- Episode no.: Season 4 Episode 9
- Directed by: Gerry Cohen
- Written by: Katherine Green
- Production code: 467508
- Original air date: November 18, 1998

Guest appearances
- Lin Liu as Ming; James Hong as the Government Worker; Ming Lo as the Manager; Nghia Luu as the Cashier; Harrison Liu as the Chinese Worker; Wang Tiao Tiao as the Kid; Kong Rui as the Ox Cart Driver; Zhen Li Qiang as the Policeman; Yang Sheng Yi as the Crowd Person;

Episode chronology
| ← Previous "Drew's New Car" | Next → "Drew's Dance Party" |

= The High Road to China (The Drew Carey Show) =

"The High Road to China" is the ninth episode of the fourth season of the American sitcom The Drew Carey Show, and the 83rd overall.
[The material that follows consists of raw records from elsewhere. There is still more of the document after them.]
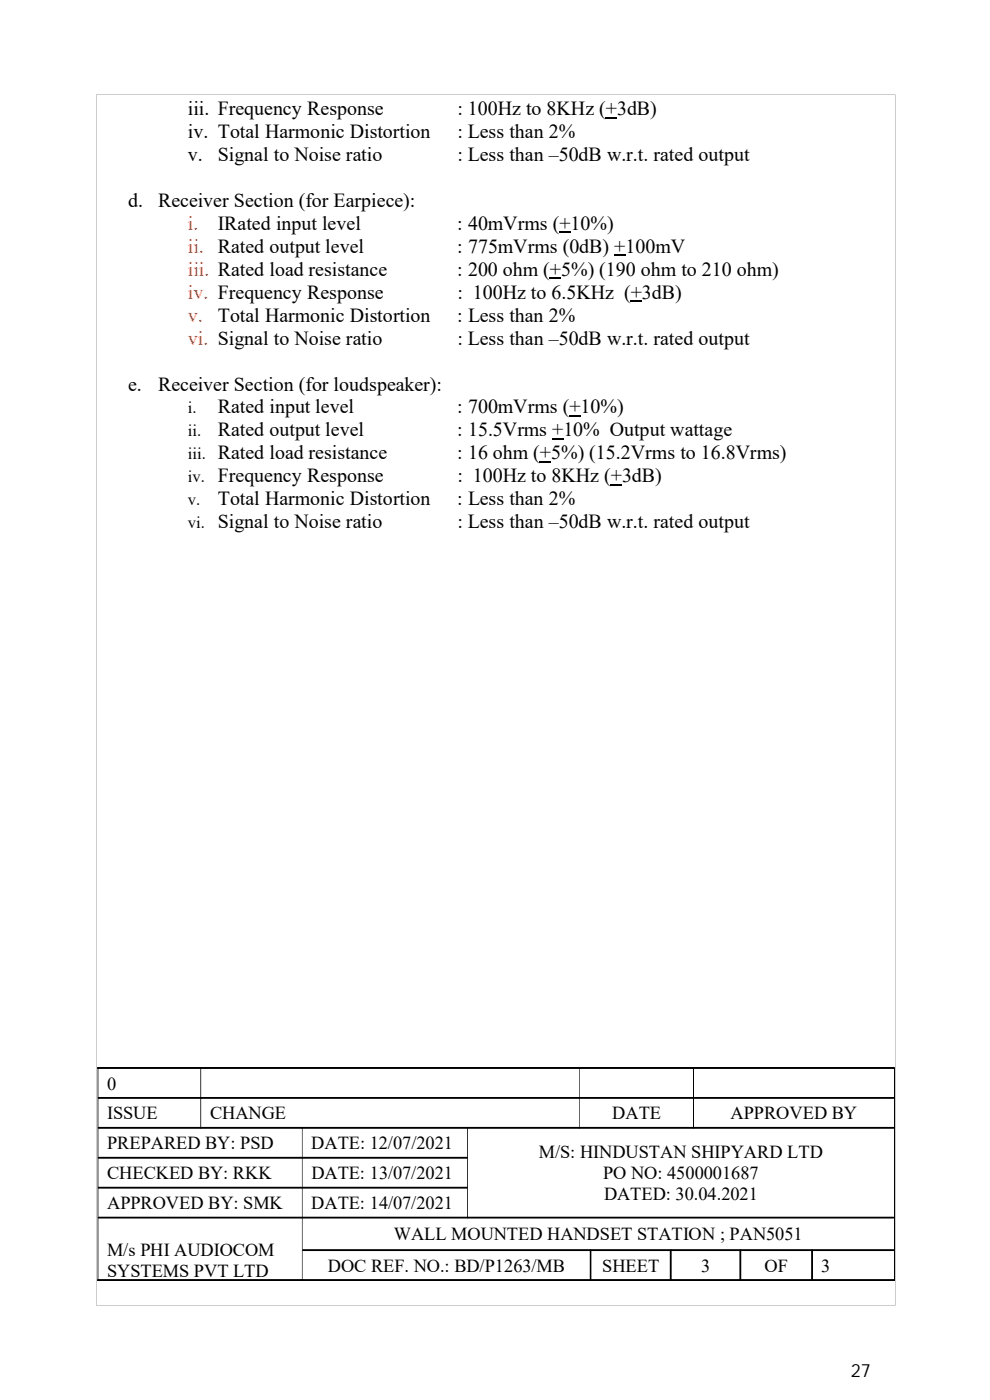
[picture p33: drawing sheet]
<svg xmlns="http://www.w3.org/2000/svg" width="210mm" height="297mm" viewBox="0 0 210 297" stroke-linecap="round" stroke-linejoin="round" font-family="sans-serif">
<defs><g id="words">
<g font-size="4.2">
<text x="39.9" y="24.4">iii. Frequency Response</text>
<text x="39.9" y="29.3">iv. Total Harmonic Distortion</text>
<text x="97" y="29.3">: Less than 2%</text>
<text x="97" y="24.4">: 100Hz to 8KHz (+3dB)</text>
<text x="39.9" y="34.2">v.</text>
<text x="46.2" y="34.2">Signal to Noise ratio</text>
<text x="97" y="34.2">: Less than –50dB w.r.t. rated output</text>
<text x="27.2" y="43.9">d.</text>
<text x="33.5" y="43.9">Receiver Section (for Earpiece):</text>
<text x="46.2" y="48.8">IRated input level</text>
<text x="46.2" y="53.6">Rated output level</text>
<text x="97" y="53.6">: 775mVrms (0dB) +100mV</text>
<text x="97" y="48.8">: 40mVrms (+10%)</text>
<text x="97" y="58.5">: 200 ohm (+5%) (190 ohm to 210 ohm)</text>
<text x="97" y="63.4">: 100Hz to 6.5KHz (+3dB)</text>
<text x="46.2" y="68.2">Total Harmonic Distortion</text>
<text x="97" y="68.2">: Less than 2%</text>
<text x="97" y="73.1">: Less than –50dB w.r.t. rated output</text>
<text x="27.2" y="82.8">e.</text>
<text x="33.5" y="82.8">Receiver Section (for loudspeaker):</text>
<text x="46.2" y="87.7">Rated input level</text>
<text x="97" y="87.7">: 700mVrms (+10%)</text>
<text x="46.2" y="92.6">Rated output level</text>
<text x="97" y="92.6">: 15.5Vrms +10% Output wattage</text>
<text x="46.2" y="97.5">Rated load resistance</text>
<text x="97" y="97.5">: 16 ohm (+5%) (15.2Vrms to 16.8Vrms)</text>
<text x="46.2" y="102.3">Frequency Response</text>
<text x="46.2" y="107.2">Total Harmonic Distortion</text>
<text x="97" y="107.2">: Less than 2%</text>
<text x="97" y="102.3">: 100Hz to 8KHz (+3dB)</text>
<text x="46.2" y="112.1">Signal to Noise ratio</text>
<text x="97" y="112.1">: Less than –50dB w.r.t. rated output</text>
</g>
<g font-size="4.2" fill="#f30">
<text x="39.9" y="48.8">i.</text>
<text x="39.9" y="53.6">ii.</text>
<text x="39.9" y="58.5">iii. Rated load resistance</text>
<text x="39.9" y="63.4">iv. Frequency Response</text>
<text x="39.9" y="68.2">v.</text>
<text x="39.9" y="73.1">vi. Signal to Noise ratio</text>
</g>
<g font-size="3.9">
<text x="22.7" y="231.1">0</text>
<text x="22.7" y="237.5">ISSUE</text>
<text x="44.6" y="237.5">CHANGE</text>
<text x="129.9" y="237.5">DATE</text>
<text x="155" y="237.5">APPROVED BY</text>
<text x="22.7" y="243.8">PREPARED BY: PSD</text>
<text x="66" y="243.8">DATE: 12/07/2021</text>
<text x="114.3" y="245.7">M/S: HINDUSTAN SHIPYARD LTD</text>
<text x="22.7" y="250.2">CHECKED BY: RKK</text>
<text x="66.1" y="250.2">DATE: 13/07/2021</text>
<text x="128" y="250.2">PO NO: 4500001687</text>
<text x="22.7" y="256.5">APPROVED BY: SMK</text>
<text x="66" y="256.5">DATE: 14/07/2021</text>
<text x="128.1" y="254.6">DATED: 30.04.2021</text>
<text x="83.5" y="263.1">WALL MOUNTED HANDSET STATION ; PAN5051</text>
<text x="22.7" y="266.5">M/s PHI AUDIOCOM</text>
<text x="69.6" y="269.8">DOC REF. NO.: BD/P1263/MB</text>
<text x="127.8" y="269.8">SHEET</text>
<text x="148.7" y="269.8">3</text>
<text x="162.2" y="269.8">OF</text>
<text x="174.2" y="269.8">3</text>
<text x="22.7" y="270.9">SYSTEMS PVT LTD</text>
<text x="180.5" y="292.2">27</text>
</g>
<g font-size="3.5">
<text x="39.9" y="87.7">i.</text>
<text x="39.9" y="92.6">ii.</text>
<text x="39.9" y="97.5">iii.</text>
<text x="39.9" y="102.3">iv.</text>
<text x="39.9" y="107.2">v.</text>
<text x="39.9" y="112.1">vi.</text>
</g>
</g></defs>
<path d="M128.5 25h2.4M116.6 59.1h2.4M118.7 49.3h2.3M130.3 54.2h2.4M133.8 63.9h2.4M114.5 98h2.4M117.1 93.1h2.4M120.8 88.3h2.3M129.6 102.9h2.4" fill="none" stroke="#000" stroke-width=".25"/>
<g fill="#000" stroke="#000" stroke-width=".21">
<path d="M20.7 226.5h21.9v.2h-21.9z" fill-rule="evenodd"/>
<path d="M20.9 232.8h21.7v.2h-21.7z" fill-rule="evenodd"/>
<path d="M20.9 239.2h21.7v.2h-21.7z" fill-rule="evenodd"/>
<path d="M42.6 226.5h80.3v.2h-80.3z" fill-rule="evenodd"/>
<path d="M42.6 232.8h80.3v.2h-80.3z" fill-rule="evenodd"/>
<path d="M42.6 239.2h21.5v.2h-21.5z" fill-rule="evenodd"/>
<path d="M64.1 239.2h35.1v.2h-35.1z" fill-rule="evenodd"/>
<path d="M99.2 239.2h23.7v.2h-23.7z" fill-rule="evenodd"/>
<path d="M122.9 226.5h24.2v.2h-24.2z" fill-rule="evenodd"/>
<path d="M122.9 232.8h24.2v.2h-24.2z" fill-rule="evenodd"/>
<path d="M122.9 239.2h24.2v.2h-24.2z" fill-rule="evenodd"/>
<path d="M147.1 226.5h42.6v.2h-42.6z" fill-rule="evenodd"/>
<path d="M147.1 232.8h42.5v.2h-42.5z" fill-rule="evenodd"/>
<path d="M147.1 239.2h42.5v.2h-42.5z" fill-rule="evenodd"/>
<path d="M20.9 245.5h43.2v.2h-43.2z" fill-rule="evenodd"/>
<path d="M20.9 251.9h43.2v.2h-43.2z" fill-rule="evenodd"/>
<path d="M20.9 258.2h43.2v.2h-43.2z" fill-rule="evenodd"/>
<path d="M64.1 245.5h35v.2h-35z" fill-rule="evenodd"/>
<path d="M64.1 251.9h35v.2h-35z" fill-rule="evenodd"/>
<path d="M64.1 258.2h35.1v.2h-35.1z" fill-rule="evenodd"/>
<path d="M99.2 258.2h90.4v.2h-90.4z" fill-rule="evenodd"/>
<path d="M20.7 271.5h43.4v.2h-43.4z" fill-rule="evenodd"/>
<path d="M64.1 271.5h61.2v.2h-61.2z" fill-rule="evenodd"/>
<path d="M64.2 265.1h61.1v.2h-61.1z" fill-rule="evenodd"/>
<path d="M125.2 265.3h.1v6.2h-.1z" fill-rule="evenodd"/>
<path d="M125.3 265.1h17v.2h-17z" fill-rule="evenodd"/>
<path d="M125.3 271.5h17v.2h-17z" fill-rule="evenodd"/>
<path d="M142.2 265.3h.2v6.2h-.2z" fill-rule="evenodd"/>
<path d="M142.3 265.1h14.8v.2h-14.8z" fill-rule="evenodd"/>
<path d="M142.3 271.5h14.8v.2h-14.8z" fill-rule="evenodd"/>
<path d="M157 265.3h.1v6.2h-.1z" fill-rule="evenodd"/>
<path d="M157.1 265.1h15.2v.2h-15.2z" fill-rule="evenodd"/>
<path d="M157.1 271.5h15.2v.2h-15.2z" fill-rule="evenodd"/>
<path d="M172.2 265.3h.1v6.2h-.1z" fill-rule="evenodd"/>
<path d="M172.3 265.1h17.3v.2h-17.3z" fill-rule="evenodd"/>
<path d="M172.3 271.5h17.4v.2h-17.4z" fill-rule="evenodd"/>
</g>
<g fill="#000">
<path d="M20.4 20.2v256.7zM189.9 20.2v256.7z" fill-rule="evenodd"/>
<path d="M20.4 20.1l169.5 .1zM20.4 276.9h169.5z" fill-rule="evenodd"/>
<path d="M20.7 226.5h.2v45.2h-.2zM42.5 226.7h.2v12.5h-.2zM64.1 239.4h.1v32.1h-.1zM99.1 239.4h.2v18.8h-.2zM122.9 226.7h.1v12.5h-.1z" fill-rule="evenodd"/>
</g>
<path d="M147.1 226.7v12.5M189.7 226.5v45.2" fill="none" stroke="#000" stroke-width=".21"/>
<use href="#words"/>
</svg>

The episode's plot sees Drew (Drew Carey) stranded in China without money or his passport by his enemy Mimi Bobeck (Kathy Kinney), after he plays an elaborate practical joke on her. Drew finds help from Ming (Lin Liu), a local woman who speaks English, who offers him shelter and a job. Meanwhile, Drew's friends struggle to come up with a plan to get him back home to Cleveland.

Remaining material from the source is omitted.